%%
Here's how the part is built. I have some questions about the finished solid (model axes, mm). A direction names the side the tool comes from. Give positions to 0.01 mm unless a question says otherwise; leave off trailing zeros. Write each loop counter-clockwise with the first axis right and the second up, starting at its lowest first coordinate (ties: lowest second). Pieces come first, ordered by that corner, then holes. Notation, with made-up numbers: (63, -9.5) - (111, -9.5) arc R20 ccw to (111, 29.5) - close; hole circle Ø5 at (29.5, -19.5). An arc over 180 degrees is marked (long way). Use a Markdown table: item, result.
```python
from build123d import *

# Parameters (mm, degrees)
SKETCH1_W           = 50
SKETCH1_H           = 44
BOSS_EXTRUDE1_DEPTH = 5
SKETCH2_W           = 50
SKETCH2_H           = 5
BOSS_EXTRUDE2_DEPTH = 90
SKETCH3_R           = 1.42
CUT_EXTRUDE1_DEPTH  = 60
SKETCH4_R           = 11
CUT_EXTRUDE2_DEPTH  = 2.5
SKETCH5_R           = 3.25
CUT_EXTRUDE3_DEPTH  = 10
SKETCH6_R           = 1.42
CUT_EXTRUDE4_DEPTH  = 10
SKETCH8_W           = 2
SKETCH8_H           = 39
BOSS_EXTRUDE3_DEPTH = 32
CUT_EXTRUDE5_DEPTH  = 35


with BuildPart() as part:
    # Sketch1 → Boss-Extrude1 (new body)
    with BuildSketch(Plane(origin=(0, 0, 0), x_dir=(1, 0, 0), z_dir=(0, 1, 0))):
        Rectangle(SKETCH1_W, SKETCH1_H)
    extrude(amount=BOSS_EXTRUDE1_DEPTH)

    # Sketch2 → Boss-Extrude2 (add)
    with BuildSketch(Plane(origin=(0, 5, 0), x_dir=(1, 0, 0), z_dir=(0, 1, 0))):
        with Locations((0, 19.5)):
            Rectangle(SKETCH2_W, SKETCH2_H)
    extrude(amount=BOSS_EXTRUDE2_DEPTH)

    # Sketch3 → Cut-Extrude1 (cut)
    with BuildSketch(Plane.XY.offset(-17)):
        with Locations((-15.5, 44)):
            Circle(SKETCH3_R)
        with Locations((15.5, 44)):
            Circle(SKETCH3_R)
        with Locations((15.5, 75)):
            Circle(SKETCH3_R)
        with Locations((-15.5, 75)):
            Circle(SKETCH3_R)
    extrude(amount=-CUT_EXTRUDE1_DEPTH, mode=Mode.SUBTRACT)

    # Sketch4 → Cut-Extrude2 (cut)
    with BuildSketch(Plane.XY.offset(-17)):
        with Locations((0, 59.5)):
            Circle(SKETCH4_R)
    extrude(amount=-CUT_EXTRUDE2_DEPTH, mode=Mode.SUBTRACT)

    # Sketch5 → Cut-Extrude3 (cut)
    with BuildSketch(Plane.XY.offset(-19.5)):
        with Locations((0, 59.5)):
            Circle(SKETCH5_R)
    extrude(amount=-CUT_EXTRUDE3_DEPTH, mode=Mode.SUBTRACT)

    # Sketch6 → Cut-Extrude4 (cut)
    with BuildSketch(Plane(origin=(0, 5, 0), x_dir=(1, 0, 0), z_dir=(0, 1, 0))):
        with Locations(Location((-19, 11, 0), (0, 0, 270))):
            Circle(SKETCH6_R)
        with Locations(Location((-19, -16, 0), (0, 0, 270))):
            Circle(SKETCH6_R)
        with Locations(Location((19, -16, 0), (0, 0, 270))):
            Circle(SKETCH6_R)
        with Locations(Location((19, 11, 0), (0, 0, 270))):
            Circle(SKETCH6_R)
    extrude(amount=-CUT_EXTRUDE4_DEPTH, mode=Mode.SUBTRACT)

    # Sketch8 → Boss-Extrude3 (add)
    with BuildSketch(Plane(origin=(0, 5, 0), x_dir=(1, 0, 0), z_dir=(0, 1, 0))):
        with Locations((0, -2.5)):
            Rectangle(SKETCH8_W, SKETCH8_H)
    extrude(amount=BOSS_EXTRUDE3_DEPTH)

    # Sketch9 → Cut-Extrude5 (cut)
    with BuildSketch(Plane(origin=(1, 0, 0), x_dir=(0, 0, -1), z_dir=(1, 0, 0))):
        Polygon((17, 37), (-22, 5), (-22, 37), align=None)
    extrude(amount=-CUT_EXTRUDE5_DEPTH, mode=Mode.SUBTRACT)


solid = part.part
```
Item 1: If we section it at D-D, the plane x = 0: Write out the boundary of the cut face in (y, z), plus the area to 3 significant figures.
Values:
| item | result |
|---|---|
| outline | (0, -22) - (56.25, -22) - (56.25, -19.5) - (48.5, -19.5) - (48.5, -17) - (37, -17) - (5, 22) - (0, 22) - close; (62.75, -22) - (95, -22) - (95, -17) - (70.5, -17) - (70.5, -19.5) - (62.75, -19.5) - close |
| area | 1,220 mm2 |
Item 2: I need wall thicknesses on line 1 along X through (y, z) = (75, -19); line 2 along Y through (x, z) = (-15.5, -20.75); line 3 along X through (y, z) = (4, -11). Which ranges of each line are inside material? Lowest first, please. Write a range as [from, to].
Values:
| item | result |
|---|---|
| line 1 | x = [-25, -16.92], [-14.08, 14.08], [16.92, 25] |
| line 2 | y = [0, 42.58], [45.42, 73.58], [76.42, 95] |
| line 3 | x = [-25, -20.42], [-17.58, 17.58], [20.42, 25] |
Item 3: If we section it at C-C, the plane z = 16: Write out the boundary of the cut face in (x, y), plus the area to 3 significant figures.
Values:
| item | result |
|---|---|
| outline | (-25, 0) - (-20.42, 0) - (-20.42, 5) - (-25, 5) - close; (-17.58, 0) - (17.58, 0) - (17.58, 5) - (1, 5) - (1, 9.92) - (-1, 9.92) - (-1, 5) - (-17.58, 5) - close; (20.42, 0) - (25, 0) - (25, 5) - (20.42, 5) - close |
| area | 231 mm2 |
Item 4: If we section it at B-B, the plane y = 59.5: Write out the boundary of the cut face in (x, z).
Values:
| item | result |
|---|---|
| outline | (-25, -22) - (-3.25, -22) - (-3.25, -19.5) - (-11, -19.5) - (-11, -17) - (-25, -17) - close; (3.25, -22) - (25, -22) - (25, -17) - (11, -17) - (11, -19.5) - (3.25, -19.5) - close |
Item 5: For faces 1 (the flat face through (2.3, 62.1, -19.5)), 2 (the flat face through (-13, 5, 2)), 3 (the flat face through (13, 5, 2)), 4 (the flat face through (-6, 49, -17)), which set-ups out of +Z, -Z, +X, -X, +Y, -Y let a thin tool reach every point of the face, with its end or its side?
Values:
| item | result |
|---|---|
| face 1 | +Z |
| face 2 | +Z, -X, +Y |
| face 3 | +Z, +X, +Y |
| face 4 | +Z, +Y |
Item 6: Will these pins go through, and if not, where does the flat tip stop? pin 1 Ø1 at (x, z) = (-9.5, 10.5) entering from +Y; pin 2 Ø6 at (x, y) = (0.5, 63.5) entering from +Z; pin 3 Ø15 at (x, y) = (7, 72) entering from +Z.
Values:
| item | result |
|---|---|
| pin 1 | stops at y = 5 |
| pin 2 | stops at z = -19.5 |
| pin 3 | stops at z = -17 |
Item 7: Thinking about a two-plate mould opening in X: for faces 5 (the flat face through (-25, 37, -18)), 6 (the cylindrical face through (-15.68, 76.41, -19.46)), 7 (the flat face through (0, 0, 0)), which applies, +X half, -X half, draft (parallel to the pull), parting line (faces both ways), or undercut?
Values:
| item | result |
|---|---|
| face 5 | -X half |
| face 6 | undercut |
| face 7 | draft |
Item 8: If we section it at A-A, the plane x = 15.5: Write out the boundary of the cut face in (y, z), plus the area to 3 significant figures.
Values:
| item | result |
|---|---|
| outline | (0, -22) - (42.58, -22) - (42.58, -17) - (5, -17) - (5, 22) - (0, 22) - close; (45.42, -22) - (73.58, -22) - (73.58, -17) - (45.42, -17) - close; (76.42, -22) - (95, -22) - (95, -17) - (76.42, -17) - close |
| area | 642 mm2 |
%%
- [Your objective]
From the listing above, repeat exactly the lines starting at the line that includes "(20.42, 5) - close |" and ending at the line that includes "area | 231 mm2 |", with nothing outside that span.

- [Response area]
| outline | (-25, 0) - (-20.42, 0) - (-20.42, 5) - (-25, 5) - close; (-17.58, 0) - (17.58, 0) - (17.58, 5) - (1, 5) - (1, 9.92) - (-1, 9.92) - (-1, 5) - (-17.58, 5) - close; (20.42, 0) - (25, 0) - (25, 5) - (20.42, 5) - close |
| area | 231 mm2 |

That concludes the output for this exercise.